Section 20.9.1 of Goodfellow, Bengio and Courville is titled “Back-Propagating through Discrete Stochastic Operations”.  It discusses the REINFORCE algorithm which requires sampling sequences of discrete latent choices.  It is well known that sampling choices yields a high variance gradient estimate.  While such sampling seems necessary for reinforcement learning applications (such as games) there are other settings where one can train discrete latent choices using a closed form gradient and avoid high variance choice sampling.  This is done in the CTC algorithm (Connectionist Temporal Classification, Graves et al. 2006).  CTC is arguably the currently dominant approach to speech recognition.  It is mentioned in Goodfellow et al. in the section on speech recognition but not in the general context of training discrete latent choices.

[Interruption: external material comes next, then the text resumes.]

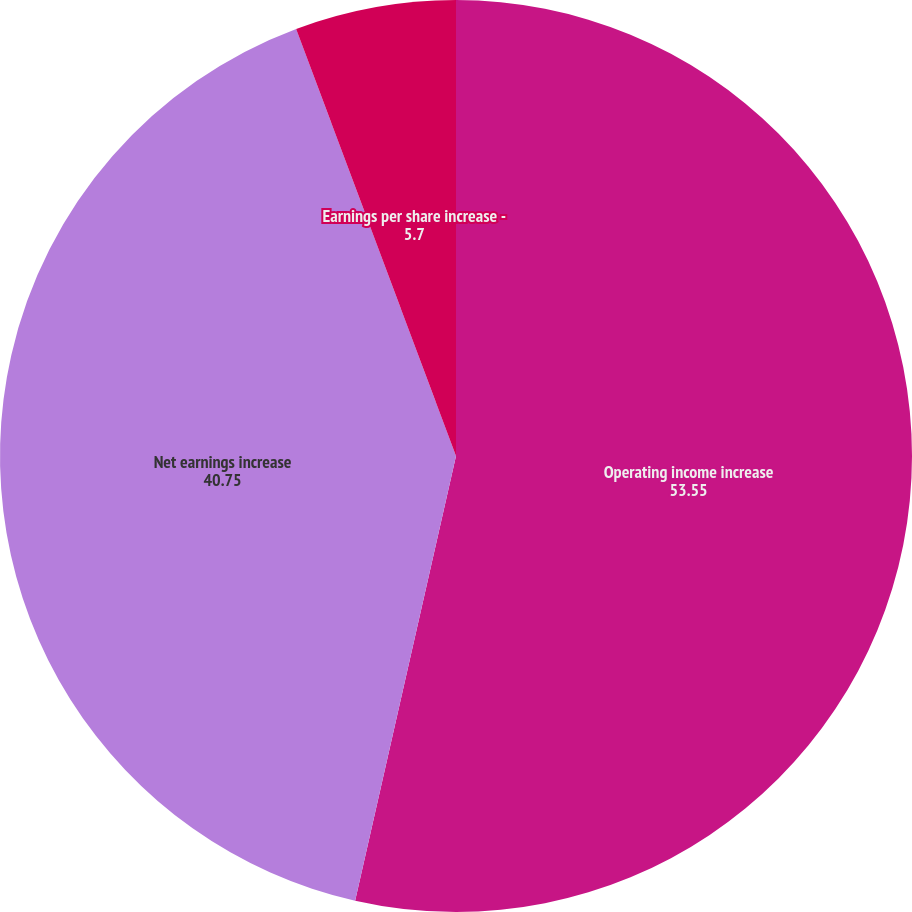Convert chart. <chart><loc_0><loc_0><loc_500><loc_500><pie_chart><fcel>Operating income increase<fcel>Net earnings increase<fcel>Earnings per share increase -<nl><fcel>53.55%<fcel>40.75%<fcel>5.7%<nl></chart>

This post is also a sequel to the previous post on variational auto-encoders and EM.  In CTC, as in various other models, we are interested in a marginal distribution over latent variables.  In this case we have training pairs $(x, y)$ and are interested in maximizing the marginal distribution.

$\Theta^* = \mathrm{argmax}_\Theta\; E_{(x,y)}\;\ln P_\Theta(y|x)$

$= \mathrm{argmax}_\Theta \; E_{(x,y)}\;\ln\; \sum_z \;P_\Theta(y,z|x)$

In CTC $x$ is a speech signal, $y$ is a (time-compressed) phonetic transcription, and $z$ is a sequence of latent “emission decisions”.  This is described in more detail below.

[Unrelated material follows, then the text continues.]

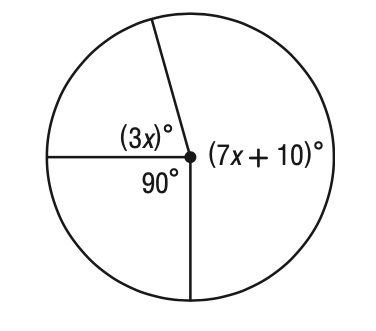Answer the mathemtical geometry problem and directly provide the correct option letter.
Question: What is the value of x in the figure?
Choices: A: 19 B: 23 C: 26 D: 28 C

The previous post noted that both VAEs and EM can be phrased in terms of a unified objective function involving an “encoder distribution” $P_\Psi(z|x,y)$.  Here we have made everything conditional on an input $x$.

$\Psi^*,\Theta^* = \mathrm{argmax}_{\Psi,\Theta}\;E_{(x,y)}\;{\cal L}(\Psi,\Theta,x,y)$

${\cal L}(\Psi,\Theta,x,y) = E_{z \sim P_\Psi(z|x,y)}\; \ln P_\Theta(z,y|x) + H(P_\Psi(z|x,y))\;\;\;(1)$

$= \ln\;P_{\Theta}(y|x) - KL(P_\Psi(z|x,y),P_{\Theta}(z|x,y))\;\;\;(2)$

The equivalence between (1) and (2) is derived in the previous post.  In EM one performs alternating optimization where (2) is used to optimize the encoder distribution $P_\Psi(z|x,y)$ while holding the model distribution $P_\Theta(y,z|x)$ fixed, and (1) is used to optimize model distribution $P_\Theta(z,y)$ while holding the encoder distribution $P_\Psi(z|x,y)$ fixed.  In EM each of these optimizations is done exactly in closed form yielding an exact alternating maximization algorithm.  In CTC the E step optimization is computed exactly in closed form but the M step is replaced by an exact closed form calculation of the gradient of (1) with respect to $\Theta$.  I will call this the EG algorithm (expected gradient).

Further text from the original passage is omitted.